**Problem**
Where does the word "pixels" occur in the material? Copy each line that has it.

**Entries supplied**

• • • • •

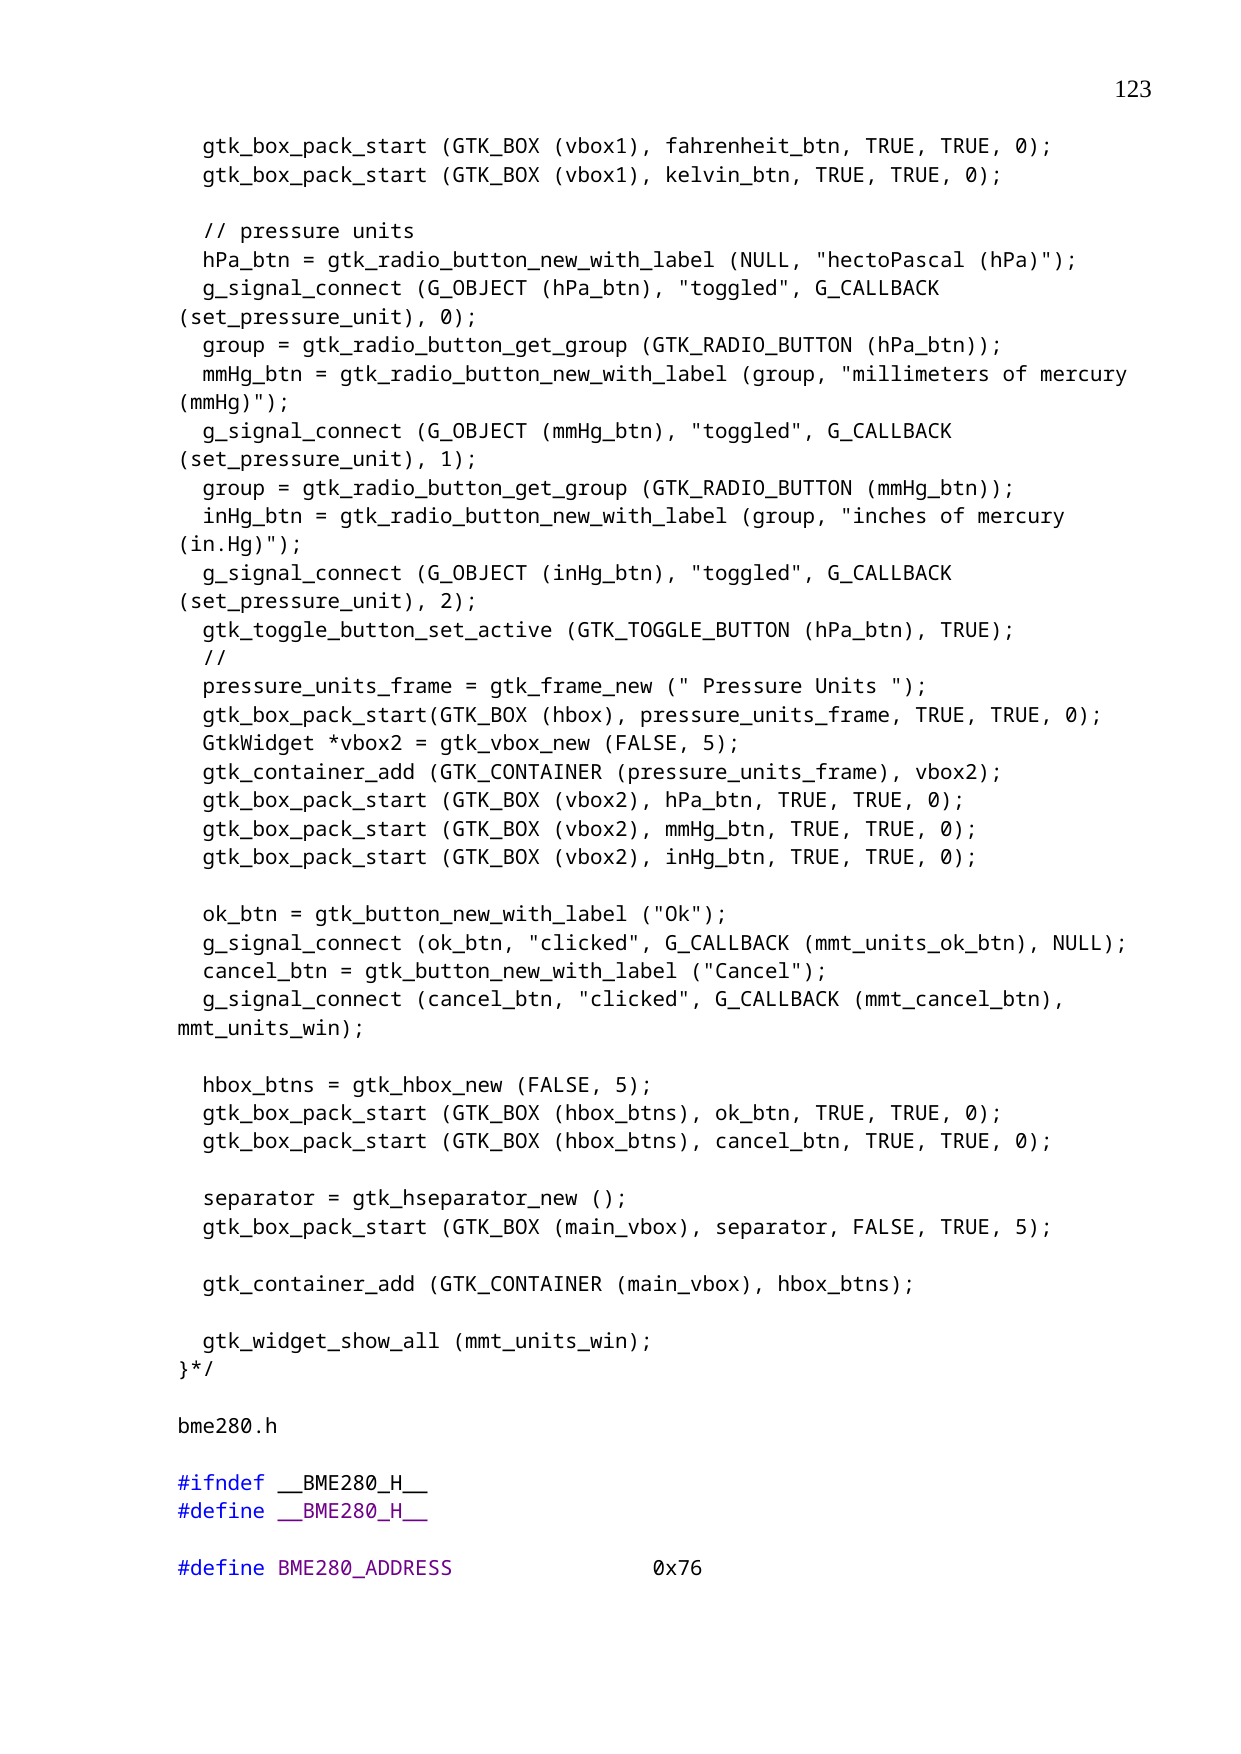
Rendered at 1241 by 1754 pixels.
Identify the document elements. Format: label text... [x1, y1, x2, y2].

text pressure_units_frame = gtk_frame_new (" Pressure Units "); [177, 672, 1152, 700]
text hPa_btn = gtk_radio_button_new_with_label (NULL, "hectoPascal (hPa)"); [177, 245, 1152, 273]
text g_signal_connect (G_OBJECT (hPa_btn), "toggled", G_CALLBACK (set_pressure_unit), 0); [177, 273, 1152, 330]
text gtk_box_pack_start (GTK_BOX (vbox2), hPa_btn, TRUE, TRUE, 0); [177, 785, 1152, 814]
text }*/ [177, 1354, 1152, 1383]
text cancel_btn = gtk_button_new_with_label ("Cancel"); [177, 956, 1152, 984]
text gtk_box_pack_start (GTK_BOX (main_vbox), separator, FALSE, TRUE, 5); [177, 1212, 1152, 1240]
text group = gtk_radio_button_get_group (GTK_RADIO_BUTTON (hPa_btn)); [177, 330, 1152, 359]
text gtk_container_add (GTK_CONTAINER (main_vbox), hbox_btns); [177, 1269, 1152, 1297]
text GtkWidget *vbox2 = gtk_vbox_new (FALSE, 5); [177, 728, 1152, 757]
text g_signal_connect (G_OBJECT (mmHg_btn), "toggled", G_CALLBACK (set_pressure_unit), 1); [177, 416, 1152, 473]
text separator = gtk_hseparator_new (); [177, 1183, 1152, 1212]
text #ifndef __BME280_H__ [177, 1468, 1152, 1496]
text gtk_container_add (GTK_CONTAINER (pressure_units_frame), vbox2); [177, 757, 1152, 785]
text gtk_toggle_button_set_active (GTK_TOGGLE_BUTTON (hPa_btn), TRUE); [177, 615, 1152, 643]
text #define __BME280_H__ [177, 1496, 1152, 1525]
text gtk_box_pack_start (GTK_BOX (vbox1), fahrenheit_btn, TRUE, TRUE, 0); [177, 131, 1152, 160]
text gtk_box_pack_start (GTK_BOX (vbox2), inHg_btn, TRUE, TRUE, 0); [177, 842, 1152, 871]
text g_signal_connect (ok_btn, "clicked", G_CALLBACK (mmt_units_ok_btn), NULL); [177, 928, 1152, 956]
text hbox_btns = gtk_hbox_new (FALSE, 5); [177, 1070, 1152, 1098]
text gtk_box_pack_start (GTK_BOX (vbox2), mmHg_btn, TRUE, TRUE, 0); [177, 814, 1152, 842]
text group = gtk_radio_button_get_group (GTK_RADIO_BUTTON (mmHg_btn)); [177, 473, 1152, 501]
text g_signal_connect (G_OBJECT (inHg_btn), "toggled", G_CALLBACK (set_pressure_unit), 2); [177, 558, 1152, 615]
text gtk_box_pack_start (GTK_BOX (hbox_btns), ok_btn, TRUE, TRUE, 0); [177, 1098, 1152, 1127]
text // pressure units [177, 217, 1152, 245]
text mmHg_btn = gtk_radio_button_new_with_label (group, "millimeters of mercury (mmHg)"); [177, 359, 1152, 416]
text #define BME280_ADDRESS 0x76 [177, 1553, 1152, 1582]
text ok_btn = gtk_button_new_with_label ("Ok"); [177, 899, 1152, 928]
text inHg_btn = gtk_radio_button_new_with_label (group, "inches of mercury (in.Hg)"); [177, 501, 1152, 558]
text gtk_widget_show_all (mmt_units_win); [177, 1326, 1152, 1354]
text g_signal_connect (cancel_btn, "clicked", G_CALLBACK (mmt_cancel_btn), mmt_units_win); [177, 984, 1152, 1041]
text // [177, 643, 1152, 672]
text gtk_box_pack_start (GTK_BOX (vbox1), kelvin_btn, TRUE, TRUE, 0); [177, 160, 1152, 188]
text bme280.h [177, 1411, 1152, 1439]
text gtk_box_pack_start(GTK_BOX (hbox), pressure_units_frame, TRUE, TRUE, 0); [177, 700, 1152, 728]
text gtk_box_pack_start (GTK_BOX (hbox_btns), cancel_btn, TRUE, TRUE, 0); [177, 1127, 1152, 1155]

• • • • •

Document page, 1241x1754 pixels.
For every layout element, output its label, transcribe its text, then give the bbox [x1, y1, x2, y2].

• • • • •

**Completed exercise**
Rendered at 1241 by 1754 pixels.
Document page, 1241x1754 pixels.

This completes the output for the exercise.